Enough with the local, pointwise, isolated "solutions." We need some system-wide actual solutions! If Science can't deliver those, then get off the playing field so the rest of us have room to work.

W.

1 comment:

Anonymous said...

The scientific method is basically the testing of hypotheses through experiments. Specifically, it is an attempt to disprove the null hypothesis. As such, while it can be sped up through faster processing speeds and more precise measurements, I would venture to say that the method itself is timeless.

It is also worth pointing out that the scientific method, and science in general, has no motive or vector other than to gain more knowledge. Science can be used for good or evil motivations, so to say that the scientific method is non-lean is like saying a thermostat is not patriotic.

In terms of TPS, it took 30-50 years to build (depending on whether you think they were "done with TPS" in the 1980s or whether you accept that it is still evolving) due to the fact that it is a large, complex system involving not only assembly lines but many other aspects of how people work. Toyota never stopped their business to say "okay, let's implement TPS for the next 6 months" and they built it from scratch based on partial blue prints from Deming, Ford and others, over a few decades, while overcoming typical human resistance to change.

That said, many companies implement the Toyota Production System itself in 3 years or less, in terms of the processes and procedures that govern manpower, material, machines and methods, but may take years for this to become self-sustaining because ultimately TPS is a way of thinking that has to be passed on from one generation to the next.
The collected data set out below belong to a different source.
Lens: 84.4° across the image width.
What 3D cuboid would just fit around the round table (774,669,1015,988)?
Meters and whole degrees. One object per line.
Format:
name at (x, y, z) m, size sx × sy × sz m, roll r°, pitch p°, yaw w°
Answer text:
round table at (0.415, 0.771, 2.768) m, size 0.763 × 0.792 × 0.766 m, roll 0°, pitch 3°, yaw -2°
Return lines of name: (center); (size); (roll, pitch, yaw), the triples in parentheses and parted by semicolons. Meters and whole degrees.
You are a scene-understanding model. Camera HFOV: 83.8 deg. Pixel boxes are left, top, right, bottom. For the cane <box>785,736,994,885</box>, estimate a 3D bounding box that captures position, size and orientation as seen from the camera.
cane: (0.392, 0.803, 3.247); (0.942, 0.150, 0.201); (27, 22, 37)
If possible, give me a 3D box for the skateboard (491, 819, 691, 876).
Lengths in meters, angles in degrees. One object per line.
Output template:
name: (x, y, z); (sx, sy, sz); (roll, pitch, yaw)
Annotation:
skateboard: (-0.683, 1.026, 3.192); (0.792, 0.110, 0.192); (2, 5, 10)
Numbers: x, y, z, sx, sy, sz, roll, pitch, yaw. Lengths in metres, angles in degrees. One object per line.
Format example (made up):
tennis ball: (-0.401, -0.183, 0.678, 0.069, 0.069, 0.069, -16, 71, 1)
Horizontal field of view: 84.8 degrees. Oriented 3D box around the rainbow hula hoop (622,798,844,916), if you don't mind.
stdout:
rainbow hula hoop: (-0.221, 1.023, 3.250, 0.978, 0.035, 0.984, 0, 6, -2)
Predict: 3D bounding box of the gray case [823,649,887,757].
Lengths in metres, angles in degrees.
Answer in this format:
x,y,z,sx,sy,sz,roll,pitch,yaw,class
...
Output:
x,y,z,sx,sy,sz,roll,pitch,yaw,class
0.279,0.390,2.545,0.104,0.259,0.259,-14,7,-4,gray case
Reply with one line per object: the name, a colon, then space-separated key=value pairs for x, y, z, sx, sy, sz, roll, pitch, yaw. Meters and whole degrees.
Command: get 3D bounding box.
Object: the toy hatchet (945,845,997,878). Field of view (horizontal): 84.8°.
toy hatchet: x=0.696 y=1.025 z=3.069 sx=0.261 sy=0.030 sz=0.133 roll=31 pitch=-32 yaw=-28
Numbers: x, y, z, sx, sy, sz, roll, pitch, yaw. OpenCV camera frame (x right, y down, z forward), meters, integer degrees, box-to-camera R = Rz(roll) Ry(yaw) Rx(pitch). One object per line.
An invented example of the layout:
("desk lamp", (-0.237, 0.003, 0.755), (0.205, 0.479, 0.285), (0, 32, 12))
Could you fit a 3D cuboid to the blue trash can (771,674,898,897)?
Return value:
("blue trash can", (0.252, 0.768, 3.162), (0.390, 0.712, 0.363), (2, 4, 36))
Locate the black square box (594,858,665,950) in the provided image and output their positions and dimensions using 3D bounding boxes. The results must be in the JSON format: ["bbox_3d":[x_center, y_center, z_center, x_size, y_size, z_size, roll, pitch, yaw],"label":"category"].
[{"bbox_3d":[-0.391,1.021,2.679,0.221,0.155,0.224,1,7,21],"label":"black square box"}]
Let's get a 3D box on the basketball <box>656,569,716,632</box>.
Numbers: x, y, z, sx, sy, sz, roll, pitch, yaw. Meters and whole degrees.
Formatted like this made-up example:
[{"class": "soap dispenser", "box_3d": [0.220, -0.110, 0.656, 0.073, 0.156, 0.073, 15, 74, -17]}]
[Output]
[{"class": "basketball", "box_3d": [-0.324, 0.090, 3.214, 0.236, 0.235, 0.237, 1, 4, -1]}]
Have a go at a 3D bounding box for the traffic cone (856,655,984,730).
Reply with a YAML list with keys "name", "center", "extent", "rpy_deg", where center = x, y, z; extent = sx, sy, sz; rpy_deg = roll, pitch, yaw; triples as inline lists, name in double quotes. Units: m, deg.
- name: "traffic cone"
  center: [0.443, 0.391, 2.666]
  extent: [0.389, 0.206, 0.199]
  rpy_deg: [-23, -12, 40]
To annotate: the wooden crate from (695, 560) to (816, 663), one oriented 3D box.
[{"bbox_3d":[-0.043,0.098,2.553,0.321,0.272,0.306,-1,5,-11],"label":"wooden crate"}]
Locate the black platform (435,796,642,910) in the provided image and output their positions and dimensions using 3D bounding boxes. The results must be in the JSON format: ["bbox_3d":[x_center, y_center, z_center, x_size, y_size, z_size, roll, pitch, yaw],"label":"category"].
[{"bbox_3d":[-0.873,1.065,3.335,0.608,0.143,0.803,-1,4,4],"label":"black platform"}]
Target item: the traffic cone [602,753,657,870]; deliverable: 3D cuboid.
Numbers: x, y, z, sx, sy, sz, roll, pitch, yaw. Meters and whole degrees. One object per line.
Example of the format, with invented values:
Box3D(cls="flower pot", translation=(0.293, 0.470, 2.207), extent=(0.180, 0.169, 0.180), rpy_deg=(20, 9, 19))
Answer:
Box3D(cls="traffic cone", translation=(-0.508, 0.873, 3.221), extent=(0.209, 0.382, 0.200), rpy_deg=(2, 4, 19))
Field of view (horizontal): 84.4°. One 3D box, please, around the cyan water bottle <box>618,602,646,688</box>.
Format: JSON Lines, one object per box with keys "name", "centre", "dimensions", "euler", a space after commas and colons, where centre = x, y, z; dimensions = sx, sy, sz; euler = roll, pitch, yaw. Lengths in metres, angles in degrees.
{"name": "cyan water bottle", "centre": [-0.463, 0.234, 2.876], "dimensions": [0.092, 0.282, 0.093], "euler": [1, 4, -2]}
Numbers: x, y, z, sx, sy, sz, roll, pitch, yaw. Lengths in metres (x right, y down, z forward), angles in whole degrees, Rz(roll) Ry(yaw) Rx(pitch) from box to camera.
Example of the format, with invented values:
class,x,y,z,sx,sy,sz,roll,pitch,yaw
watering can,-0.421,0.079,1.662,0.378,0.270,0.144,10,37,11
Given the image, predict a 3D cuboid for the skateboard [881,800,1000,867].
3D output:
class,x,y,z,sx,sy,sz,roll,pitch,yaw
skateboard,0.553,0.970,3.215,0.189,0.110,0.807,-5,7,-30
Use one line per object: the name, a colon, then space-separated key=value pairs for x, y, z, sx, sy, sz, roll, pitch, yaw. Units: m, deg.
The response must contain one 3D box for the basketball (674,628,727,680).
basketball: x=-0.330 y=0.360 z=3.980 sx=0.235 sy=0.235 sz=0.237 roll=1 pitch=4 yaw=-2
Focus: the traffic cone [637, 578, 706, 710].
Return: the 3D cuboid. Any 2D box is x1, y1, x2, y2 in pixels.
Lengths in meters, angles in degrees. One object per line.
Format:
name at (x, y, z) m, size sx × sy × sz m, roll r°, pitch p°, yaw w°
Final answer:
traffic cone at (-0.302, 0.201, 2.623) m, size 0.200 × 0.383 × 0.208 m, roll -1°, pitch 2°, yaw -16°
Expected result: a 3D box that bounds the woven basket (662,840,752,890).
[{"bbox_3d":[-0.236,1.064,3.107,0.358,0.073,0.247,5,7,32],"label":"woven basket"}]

In Japan this was easier due to the policy of lifetime employment that was in effect until about a decade ago. In countries without this it is much harder to pass on the values and spirit of the organization from one generation to another, due to more rapid turnover of people. Vigilance and constant education are needed, from a committed and steady leadership that develops the next generation of leadership rather than hires it in from the outside, often with "new" ideas.

Your point about science being irresponsible or harmful gets at the heart of the TPS question. A fundamental part of the Toyota philosophy is long-term thinking, fit with society, respect for people, and continuous improvement (kaizen). They believe that creativity and craft should be used to make things better, and the scientific method is a tool for this. Social responsibility is an implied part of TPS that is often missed when people focus on the tools.

Thanks for the very interesting post.